When you enter into a lease involving mineral rights on your land, how do you know how much money is due to you from the extracted oil and gas? Are you responsible to bear some of the costs of extraction or transportation? What evidence do you receive as to the amount of these costs? The complaint for this class action takes issue with EQT Production Company’s and Stone Energy Corporation’s figuring of costs deducted from royalties due on oil and gas leases on private land.
The class for this action is individual who own oil or gas rights in West Virginia, who have leased those rights, and for whom EQT and Stone are the lessees or assignees of those rights.
EQT and Stone were not the original lessees of mineral rights on plaintiff John S. Starkey’s land. Starkey, who lives in Wetzel County, West Virgina, originally entered into a contract with Chesapeake Appalachia, LLC in 2009. However, EQT and Stone seem to have acquired Chesapeake Appalachia leases in West Virginia and the complaint alleges that they are now deducting post-production costs from the royalties paid to Starkey and, presumably, to other lessors.
The complaint quotes a 1963 case that found that “a distinguishing characteristic of [the landowner’s royalty] is that it is not chargeable with any of the costs of discovery and production.”
A 2001 case, quoted in the same paragraph, notes that “unless the lease provides otherwise, the lessee must bear all costs incurred in exploring for, producing, marketing, and transporting” the gas or oil taken out.

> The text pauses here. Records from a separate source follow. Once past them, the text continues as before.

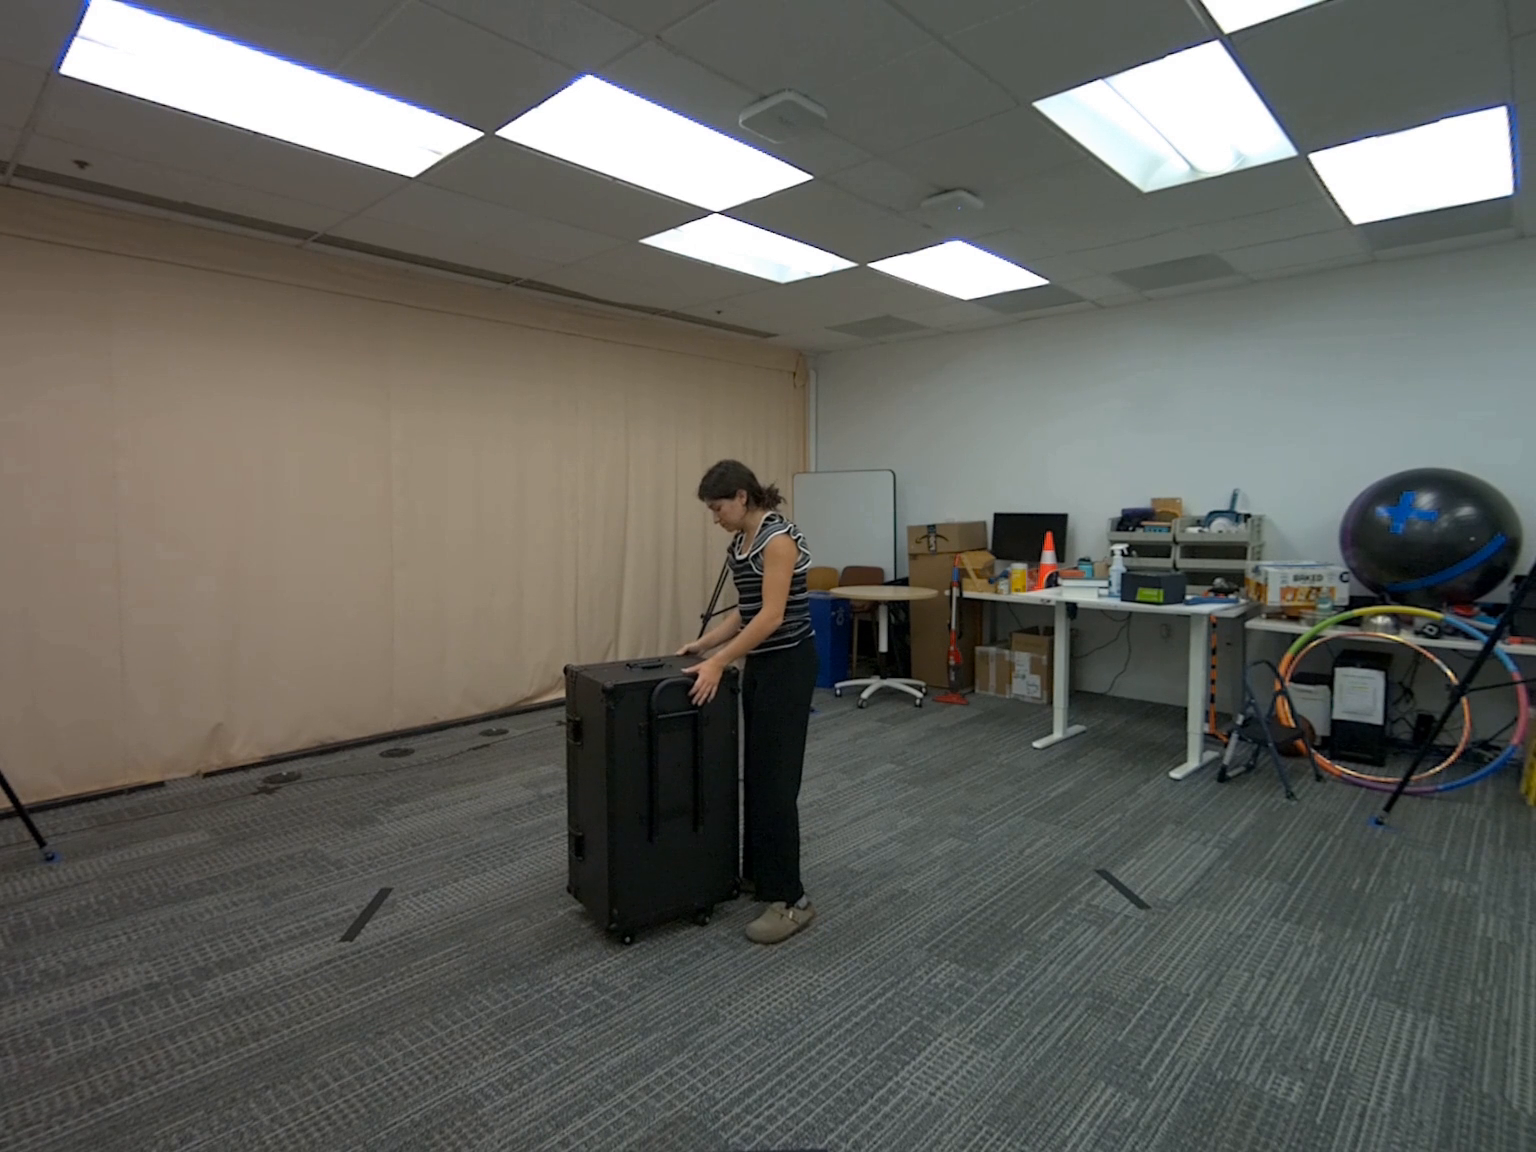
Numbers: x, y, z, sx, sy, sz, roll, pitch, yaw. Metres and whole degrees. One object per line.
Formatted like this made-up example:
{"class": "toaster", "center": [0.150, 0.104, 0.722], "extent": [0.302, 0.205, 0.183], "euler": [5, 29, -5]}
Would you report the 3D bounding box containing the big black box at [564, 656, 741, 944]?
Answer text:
{"class": "big black box", "center": [-0.392, 0.734, 2.834], "extent": [0.507, 0.859, 0.408], "euler": [-2, 4, -30]}
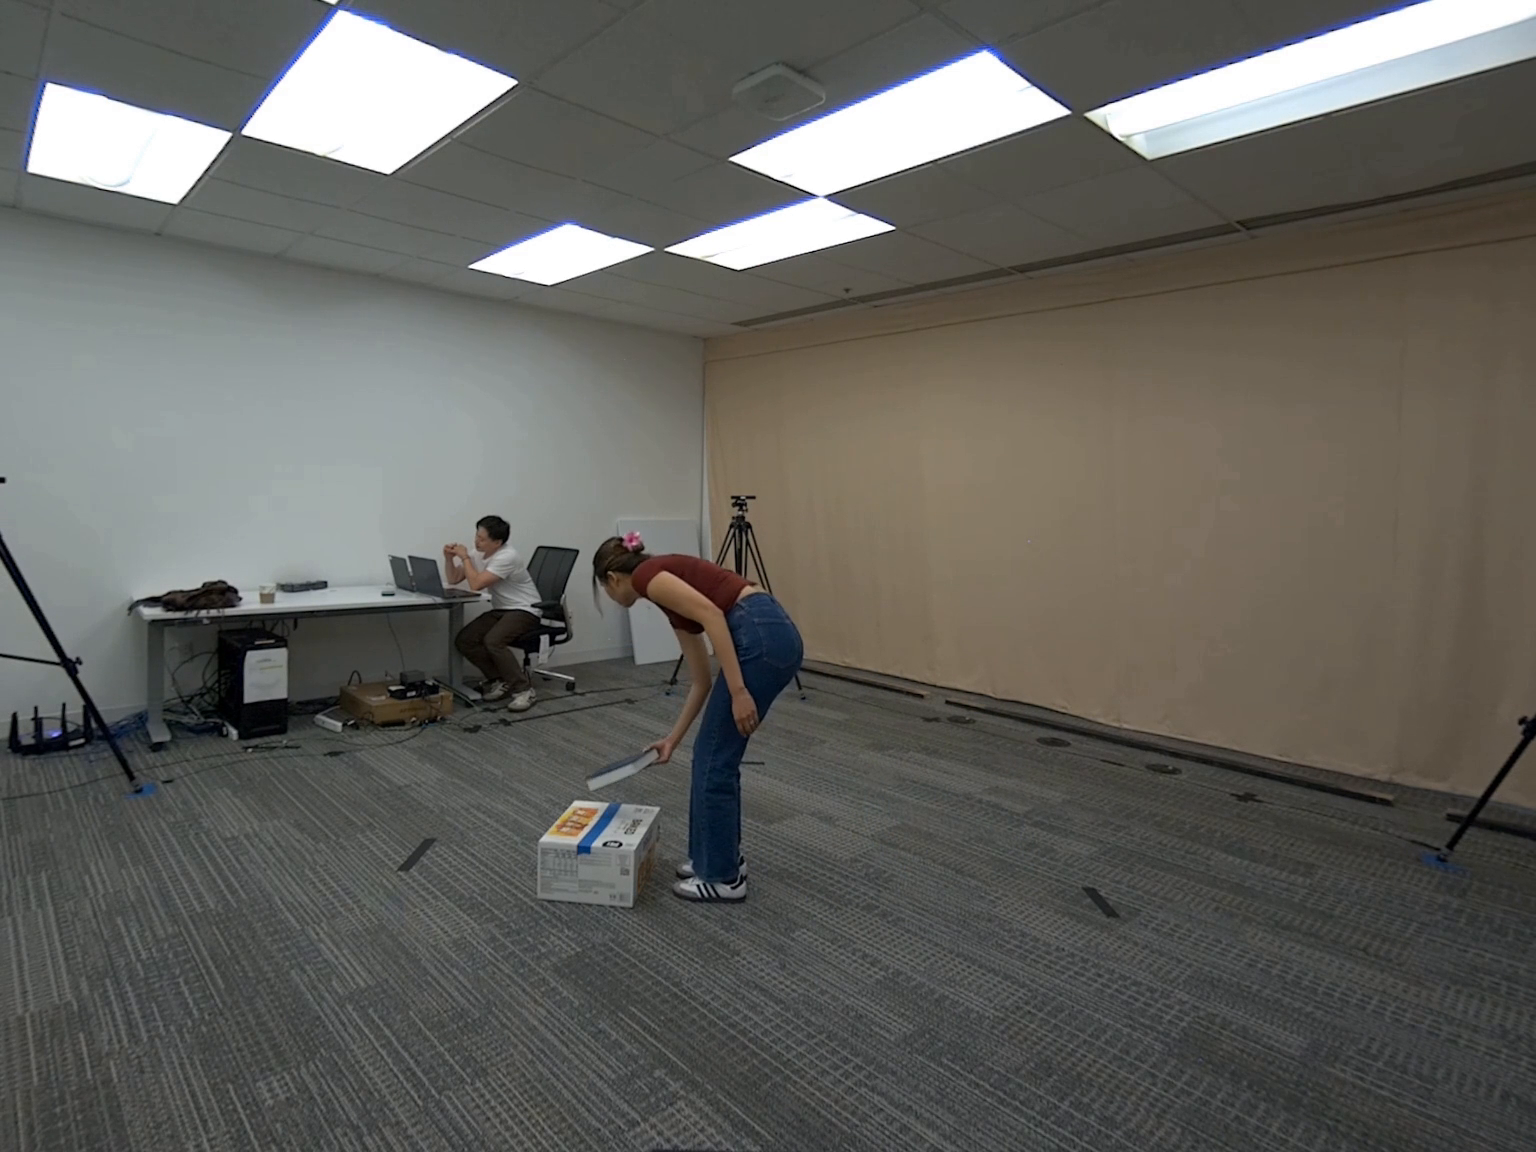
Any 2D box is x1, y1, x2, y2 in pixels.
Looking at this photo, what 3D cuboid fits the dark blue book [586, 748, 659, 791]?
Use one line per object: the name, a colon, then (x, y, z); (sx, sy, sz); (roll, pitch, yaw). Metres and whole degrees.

The same case requires that “the lessee must prove, by evidence of the type normally developed in legal proceedings requiring an accounting, that he, the lessee, actually incurred such costs and that they were reasonable.”
Finally, the complaint quotes a 2006 case that insists that, if the lessor must share some of the costs, the language in the lease “must expressly provide that the lessor shall bear some part of the costs … identify with particularity the specific deductions … and indicate the method of calculating the amount to be deducted from the royalty” for the costs.
The complaint claims that the language of the lease does not comply with these points, and that it creates ambiguities as to the amount of post-production costs that the companies can deduct and as to the “reasonable depreciation and amortization expenses” they are also permitted to deduct.
The complaint therefore alleges that the companies should not have been deducting anything from the royalties and should have paid the lessors the full amounts.
Among the violations cited are breach of contract, breach of covenant of good faith and fair dealing, conversion, breach of fiduciary duty, and intentional misrepresentation.